### Exercise requirements
Using the records below, transcribe exactly only the lines from the one with "longitude: 149.3510" through the end, both included, and drop every picture.

### Saved data entries
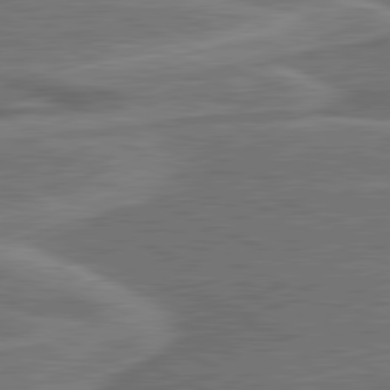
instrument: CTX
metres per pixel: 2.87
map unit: lApd
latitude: 81.2159
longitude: 140.5763
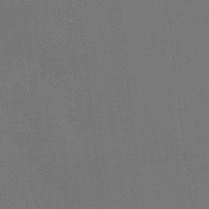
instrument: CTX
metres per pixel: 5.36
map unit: Htu
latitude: -13.9178
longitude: -48.0255
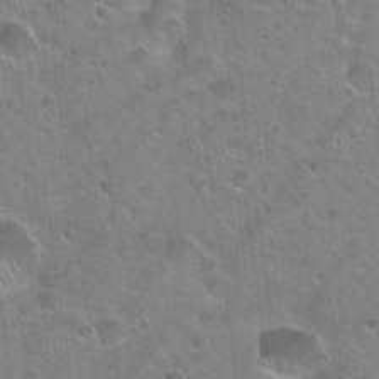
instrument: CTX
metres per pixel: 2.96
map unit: Hto
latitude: 22.1011
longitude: -53.8584
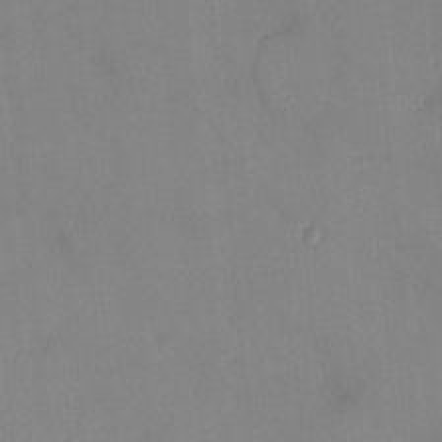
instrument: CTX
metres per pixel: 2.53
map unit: HNhu
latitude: 6.4223
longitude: 0.1228
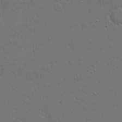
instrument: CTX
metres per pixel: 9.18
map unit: eHh
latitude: 19.6127
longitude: -63.1781
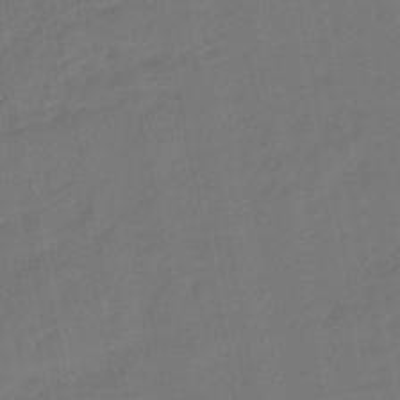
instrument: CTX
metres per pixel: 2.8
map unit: eHb
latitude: -46.6140
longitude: 87.8611
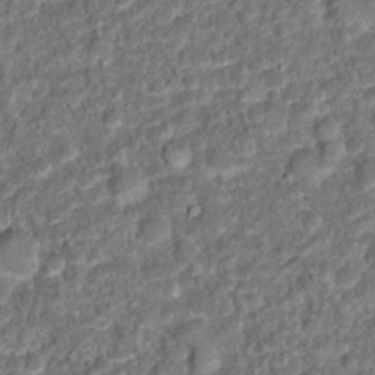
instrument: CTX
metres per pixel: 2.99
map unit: Hto
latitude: 15.6694
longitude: -39.3482
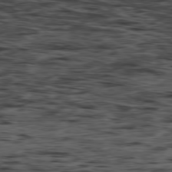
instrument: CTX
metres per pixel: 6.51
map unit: Hpe
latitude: -79.1242
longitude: 13.5210
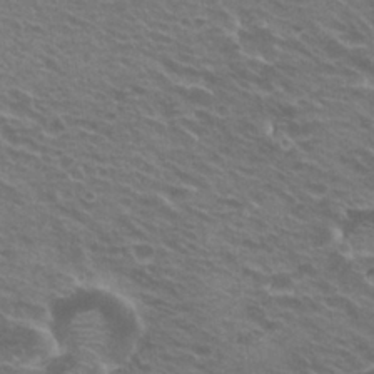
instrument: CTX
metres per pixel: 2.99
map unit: Hto
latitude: 22.4412
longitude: -31.1592
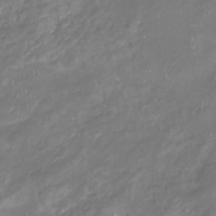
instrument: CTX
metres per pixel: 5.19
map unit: Nhu
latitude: -22.6519
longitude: -57.1970
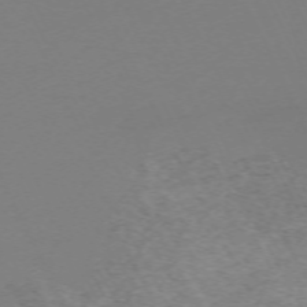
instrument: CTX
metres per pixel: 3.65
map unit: Hpe
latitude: -70.3873
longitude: 16.8219
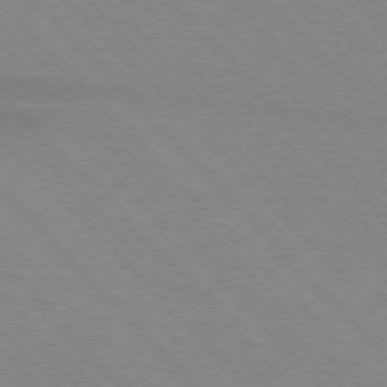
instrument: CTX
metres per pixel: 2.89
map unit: lApd
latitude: 76.1389
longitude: -85.4049
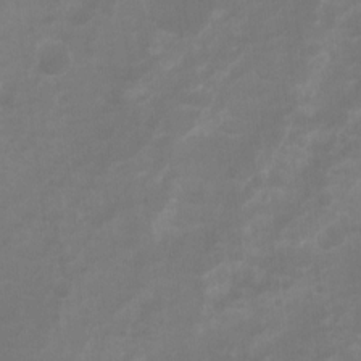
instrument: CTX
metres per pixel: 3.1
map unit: Hto
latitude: -8.4062
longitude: -44.0444
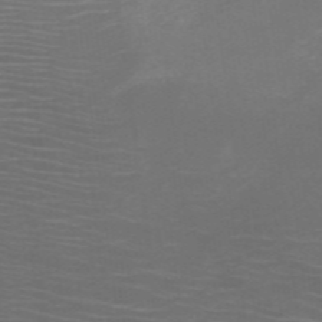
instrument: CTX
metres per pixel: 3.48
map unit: HNb
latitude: -48.9353
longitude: -45.5938
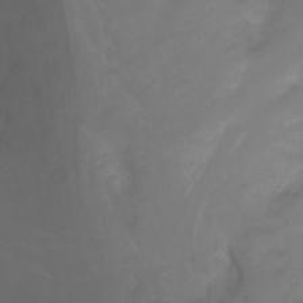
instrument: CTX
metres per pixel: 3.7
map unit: Nhu
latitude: -7.0108
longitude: -82.7246
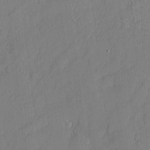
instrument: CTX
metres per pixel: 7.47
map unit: eHh
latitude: 3.7260
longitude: -75.8961
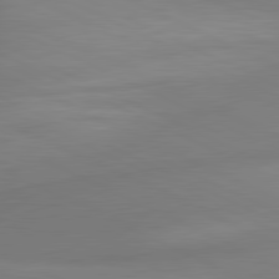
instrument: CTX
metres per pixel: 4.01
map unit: lApd
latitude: 80.9514
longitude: 131.1053
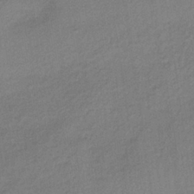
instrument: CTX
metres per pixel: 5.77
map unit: lHb
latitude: -35.6533
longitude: 62.5573
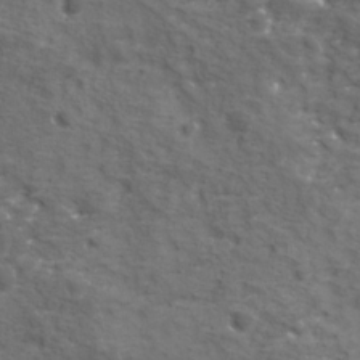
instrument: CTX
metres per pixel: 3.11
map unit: Ave
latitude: 11.3104
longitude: -104.8758
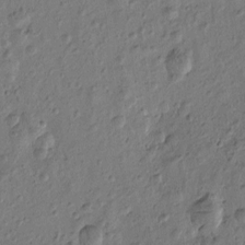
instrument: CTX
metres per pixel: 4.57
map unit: Htu
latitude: -0.2740
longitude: -176.1389
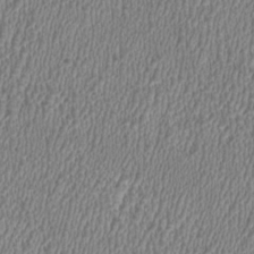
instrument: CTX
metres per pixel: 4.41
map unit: HNhu
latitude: 0.4790
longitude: -0.6112
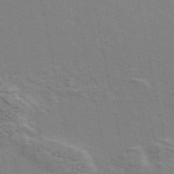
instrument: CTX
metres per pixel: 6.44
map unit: ANa
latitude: 49.5938
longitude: -75.8961
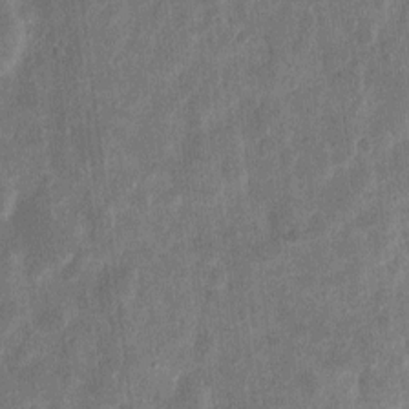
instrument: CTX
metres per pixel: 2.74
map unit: eHh
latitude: 6.5357
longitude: -71.1781
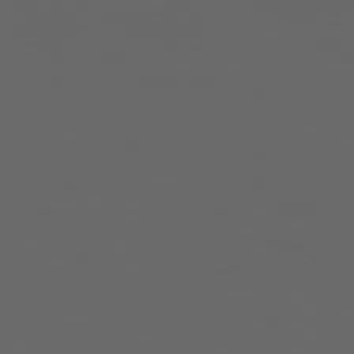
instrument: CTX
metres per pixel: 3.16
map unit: Ap
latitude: -77.7667
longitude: -75.6316
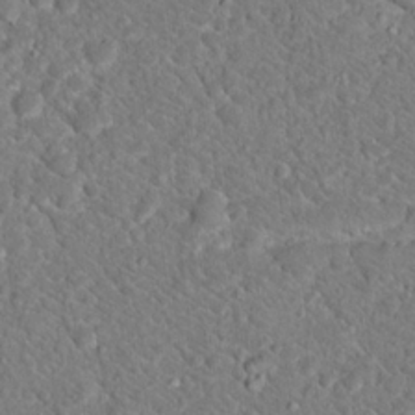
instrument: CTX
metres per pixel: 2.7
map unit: Hto
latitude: 18.7246
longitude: -33.5182
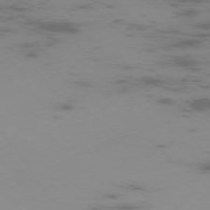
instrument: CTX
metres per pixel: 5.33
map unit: Ap
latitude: -75.3510
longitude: -67.9528
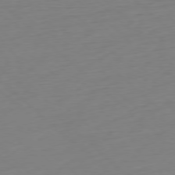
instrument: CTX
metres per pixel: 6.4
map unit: Ap
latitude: -77.8989
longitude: -77.6882
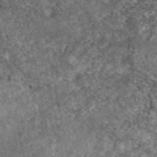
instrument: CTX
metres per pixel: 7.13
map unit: eAb
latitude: 47.7072
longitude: 118.1984
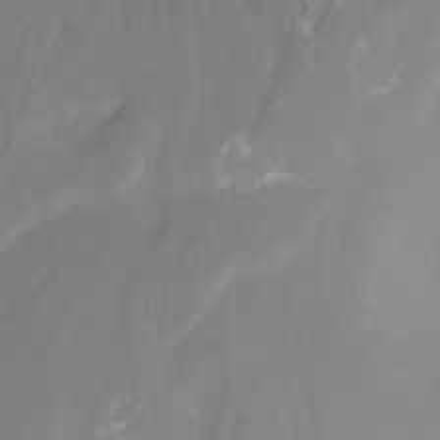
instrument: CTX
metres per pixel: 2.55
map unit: Nhu
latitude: -13.2187
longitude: -62.9514
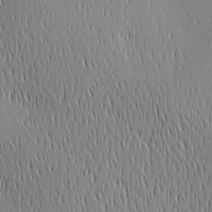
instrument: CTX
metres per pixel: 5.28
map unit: Ave
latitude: 2.7435
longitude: -114.3089
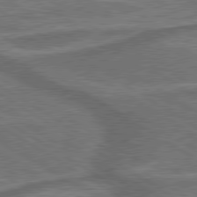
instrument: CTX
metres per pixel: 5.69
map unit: lApd
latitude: 79.9150
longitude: 172.2172
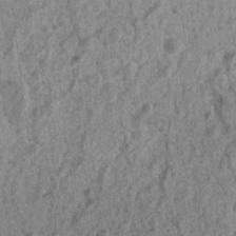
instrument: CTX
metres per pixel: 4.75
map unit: Nhu
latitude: 7.0647
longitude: -20.5168
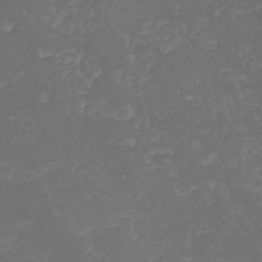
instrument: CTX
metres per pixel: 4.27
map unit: Nhu
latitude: 26.1956
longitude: -64.3278
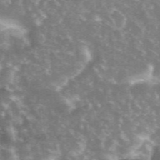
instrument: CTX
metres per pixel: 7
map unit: eHh
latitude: 35.8583
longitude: -59.7828
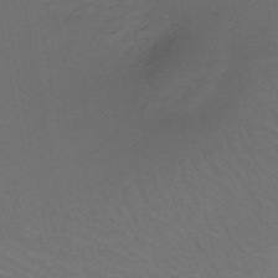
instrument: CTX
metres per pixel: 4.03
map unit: HNb
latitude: -47.4643
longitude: -42.2145
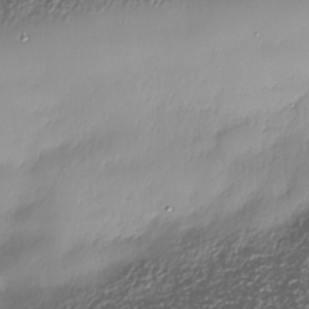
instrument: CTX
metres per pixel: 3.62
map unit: Nhe
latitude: -38.2551
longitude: -148.7246
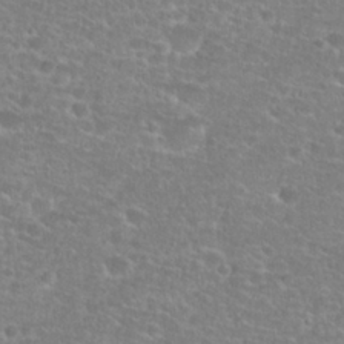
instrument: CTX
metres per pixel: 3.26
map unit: Hto
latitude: 25.4426
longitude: -48.3467
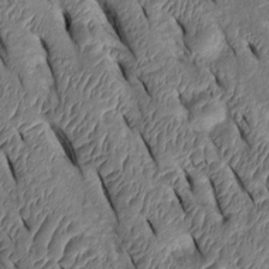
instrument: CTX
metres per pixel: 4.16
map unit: Htu
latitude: 0.8191
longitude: 149.3510
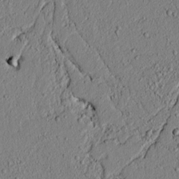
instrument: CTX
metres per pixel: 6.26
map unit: lAvf
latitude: 6.3467
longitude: 167.6155
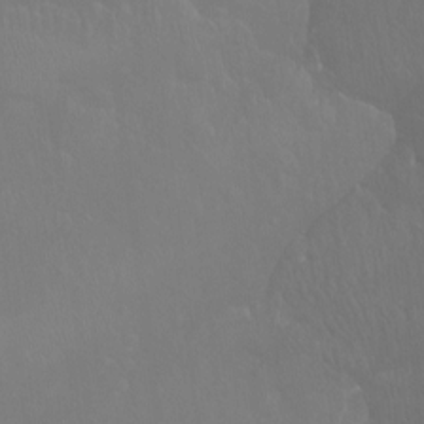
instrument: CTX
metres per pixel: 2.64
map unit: Htu
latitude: -16.2551
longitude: -46.6113
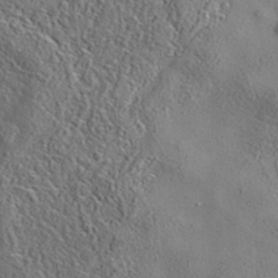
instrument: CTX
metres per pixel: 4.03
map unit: eAb
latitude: 35.8016
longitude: 110.0283
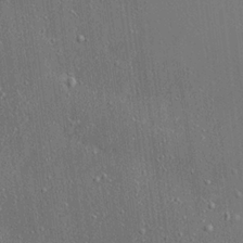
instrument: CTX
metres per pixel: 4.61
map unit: Ave
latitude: 18.1389
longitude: -139.3859
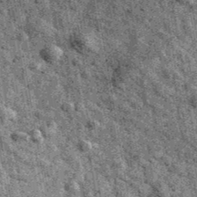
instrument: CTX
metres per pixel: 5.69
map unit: Ave
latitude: 40.1011
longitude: -107.1025
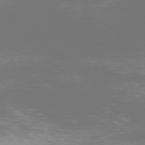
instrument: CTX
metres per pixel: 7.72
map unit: Ap
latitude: -77.5966
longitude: -72.4790
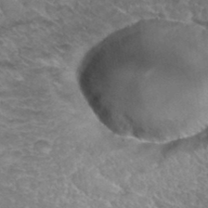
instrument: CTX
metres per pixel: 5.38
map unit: Hto
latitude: 35.4426
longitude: -45.2726
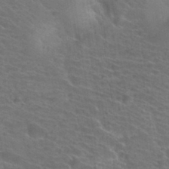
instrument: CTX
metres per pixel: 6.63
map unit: Hto
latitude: 34.6679
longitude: -39.8205
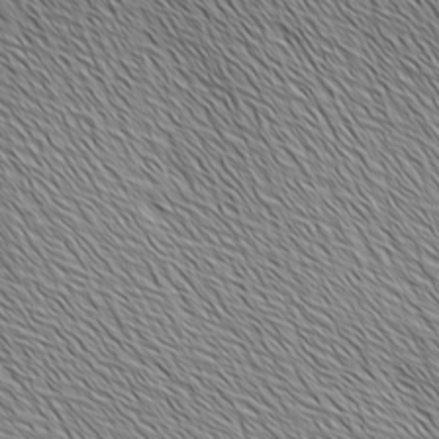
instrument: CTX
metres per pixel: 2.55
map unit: Ave
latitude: 2.0633
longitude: -114.5356
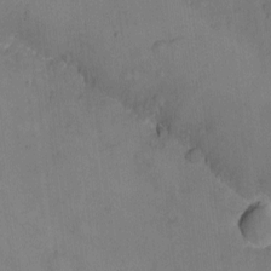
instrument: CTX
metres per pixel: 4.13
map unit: eHh
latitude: -9.4265
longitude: -67.8016
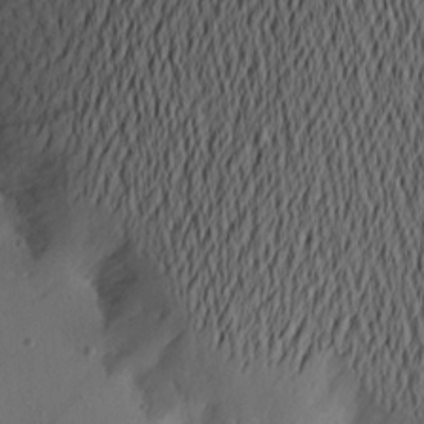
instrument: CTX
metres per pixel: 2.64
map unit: Aa
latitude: 20.3845
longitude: -145.9339
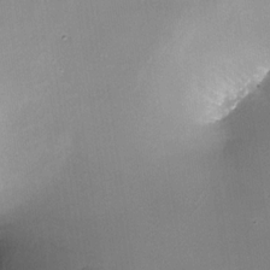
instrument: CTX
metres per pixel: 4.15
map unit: Nhe
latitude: -32.0283
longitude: -116.3656
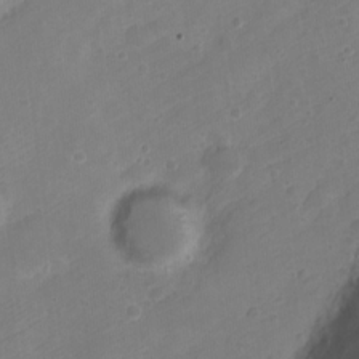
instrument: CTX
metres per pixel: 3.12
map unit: Nve
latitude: -21.3131
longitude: 106.5196
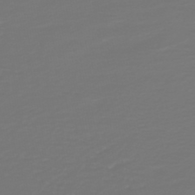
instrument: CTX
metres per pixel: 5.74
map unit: HNb
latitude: -47.1242
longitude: 54.2551
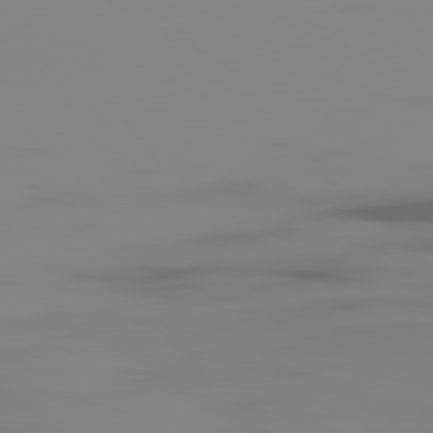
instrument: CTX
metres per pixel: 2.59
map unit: Ap
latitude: -80.3684
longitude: -59.1592
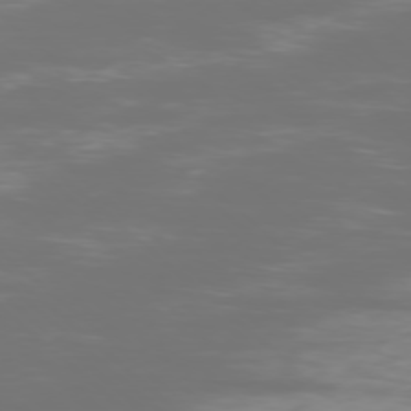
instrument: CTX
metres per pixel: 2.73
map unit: Ap
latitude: -77.3510
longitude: -81.4048
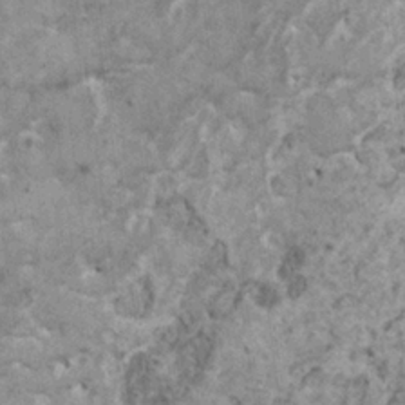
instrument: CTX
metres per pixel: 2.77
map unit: HNhu
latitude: 0.8946
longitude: 4.4629
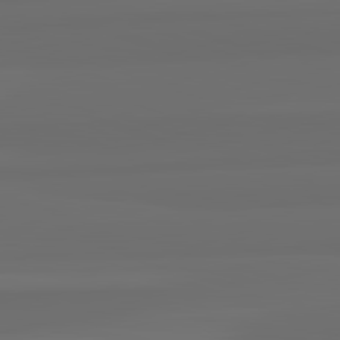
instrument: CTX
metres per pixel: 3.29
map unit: lApd
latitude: 82.8380
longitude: 163.7666
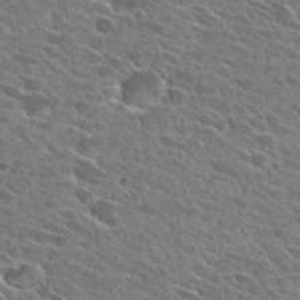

### Output of the task
longitude: 149.3510
instrument: CTX
metres per pixel: 6.26
map unit: lAvf
latitude: 6.3467
longitude: 167.6155
instrument: CTX
metres per pixel: 2.64
map unit: Htu
latitude: -16.2551
longitude: -46.6113
instrument: CTX
metres per pixel: 4.03
map unit: eAb
latitude: 35.8016
longitude: 110.0283
instrument: CTX
metres per pixel: 4.61
map unit: Ave
latitude: 18.1389
longitude: -139.3859
instrument: CTX
metres per pixel: 5.69
map unit: Ave
latitude: 40.1011
longitude: -107.1025
instrument: CTX
metres per pixel: 7.72
map unit: Ap
latitude: -77.5966
longitude: -72.4790
instrument: CTX
metres per pixel: 5.38
map unit: Hto
latitude: 35.4426
longitude: -45.2726
instrument: CTX
metres per pixel: 6.63
map unit: Hto
latitude: 34.6679
longitude: -39.8205
instrument: CTX
metres per pixel: 2.55
map unit: Ave
latitude: 2.0633
longitude: -114.5356
instrument: CTX
metres per pixel: 4.13
map unit: eHh
latitude: -9.4265
longitude: -67.8016
instrument: CTX
metres per pixel: 2.64
map unit: Aa
latitude: 20.3845
longitude: -145.9339
instrument: CTX
metres per pixel: 4.15
map unit: Nhe
latitude: -32.0283
longitude: -116.3656
instrument: CTX
metres per pixel: 3.12
map unit: Nve
latitude: -21.3131
longitude: 106.5196
instrument: CTX
metres per pixel: 5.74
map unit: HNb
latitude: -47.1242
longitude: 54.2551
instrument: CTX
metres per pixel: 2.59
map unit: Ap
latitude: -80.3684
longitude: -59.1592
instrument: CTX
metres per pixel: 2.73
map unit: Ap
latitude: -77.3510
longitude: -81.4048
instrument: CTX
metres per pixel: 2.77
map unit: HNhu
latitude: 0.8946
longitude: 4.4629
instrument: CTX
metres per pixel: 3.29
map unit: lApd
latitude: 82.8380
longitude: 163.7666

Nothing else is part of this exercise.